There are two types of modern cookie files - persistent and third-party. The first type is classic cookies that are downloaded to the user's device and stored there for an unlimited period (or limited by the site owners as they can set the "expire date" of their cookies). Third-party cookies are not stored by the user but are sent to third-party resources. These include various traffic counters (Google Analytics, Yandex Metrica), browser scripts, etc.
Use of cookie files
Personal data of cookies make the interaction between users and sites much faster and more convenient. These files are helpful in the performance of common activities such as:
- Automatic authorization. Cookies make it possible to keep users authorized in their accounts on the sites i.e. the users do not have to enter their login/password every time they visit these sites. This information is transmitted from the browser to the server in encrypted form when opening the site, so you immediately get access to your account without authorization.
- Custom settings. Cookies settings help sites to store information about design styles, languages, currencies, and other parameters preferred by their users. And this greatly simplifies and speeds up the work with sites, as the visitors do not need to spend time changing settings every time they enter the site.
- Internet commerce. Cookies store a lot of important data from online stores like products added to the cart, compared items, etc. Based on this information, buyers can continue their pending purchases, and sellers can send emails, reminders about products in the cart, or offers with a selection of similar products.
Thus, cookies are an integral part of the modern internet. They make Internet surfing more comfortable, and website pages load much quicker since many visitors had to enter a username/password and log in manually. At the same time, site owners are obliged to ask the users’ permission to send them cookies. This provision is governed by the well-known GDPR law in the European Union and other similar laws in other countries.
Cookies and safety
Some Internet users consider cookies to be explicitly or potentially dangerous as if they can be used to steal personal information, spy on website visitors, or "clog" their devices with intrusive ads.
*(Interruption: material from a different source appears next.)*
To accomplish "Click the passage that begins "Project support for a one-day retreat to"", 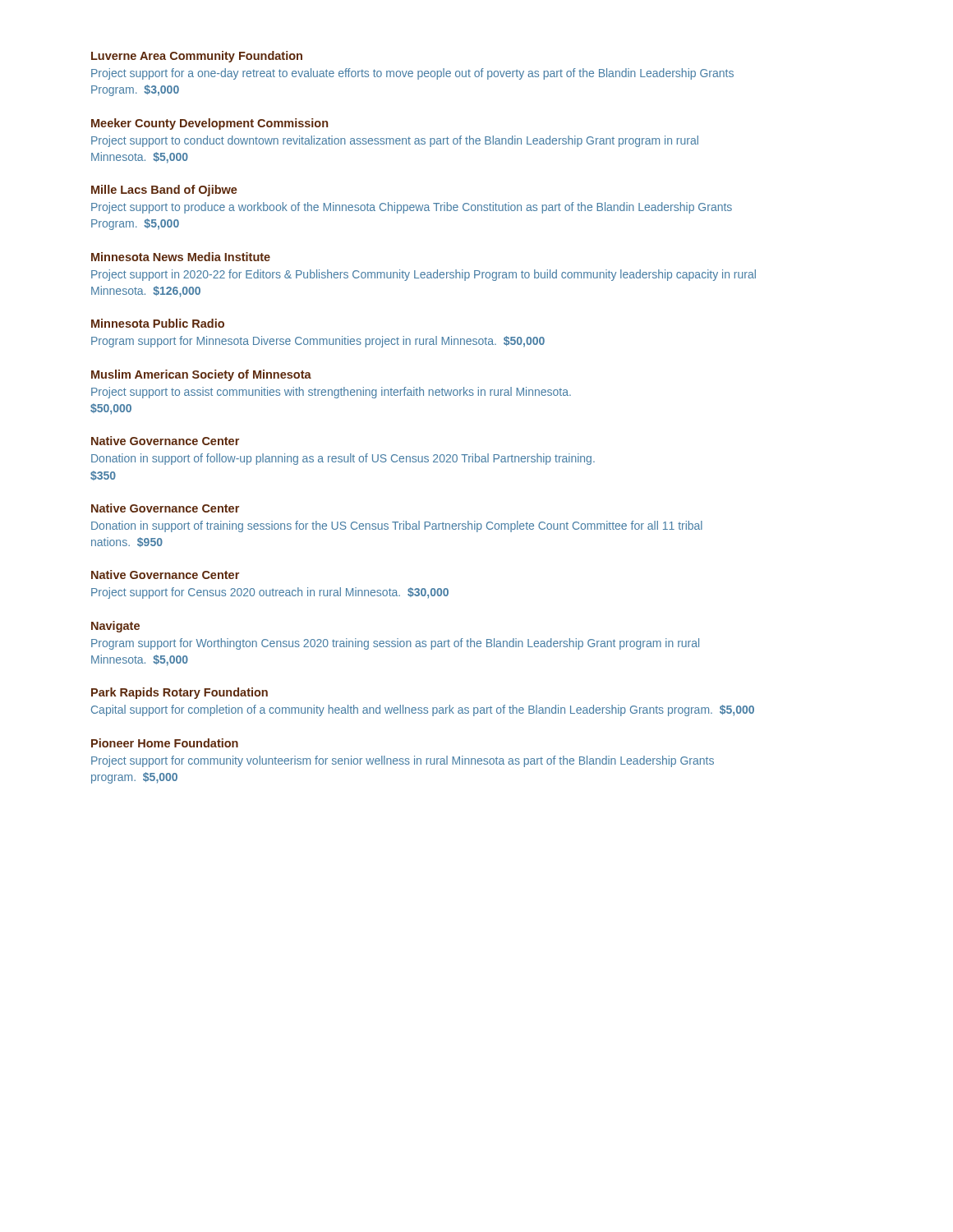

Cookies do not pose any danger, since they are plain text files with .txt-extension, that save your user settings from different sites. Moreover, all stored information is encrypted, and the files themselves are transferred from the site to the user's device and back via the encrypted HTTPS protocol.
However, since cookies are stored on users' computers and smartphones, they can also be stolen by intruders, like any other personal data. To minimize the risks, experts recommend adhering to the basic rules of safe Internet surfing. Namely, do not visit sites that use an unsecured connection (HTTP instead of HTTPS), visit questionable resources only in "incognito" mode and never enter personal data there, and install only known and proven browser extensions.
Cookies and personal data protection
Since cookies are personal data, all sites must request the permission of visitors to install them. Otherwise, their owners face a fine or even a complete blocking of the resource.
- Types of personal data that the site collects
- The ways of storage and use of this data
- The purpose of collecting and processing information about users
- The list of situations when this data can be transferred to third parties
- The way the users can change or delete personal data
Cookies are files with personal data of site users that contain information about their logins and passwords, the items added to the cart or comparison, and various site settings like currency, language, design theme, etc. Cookies are transmitted by the web server and stored in the Internet browser on the user's device. They simplify and speed up surfing and online shopping.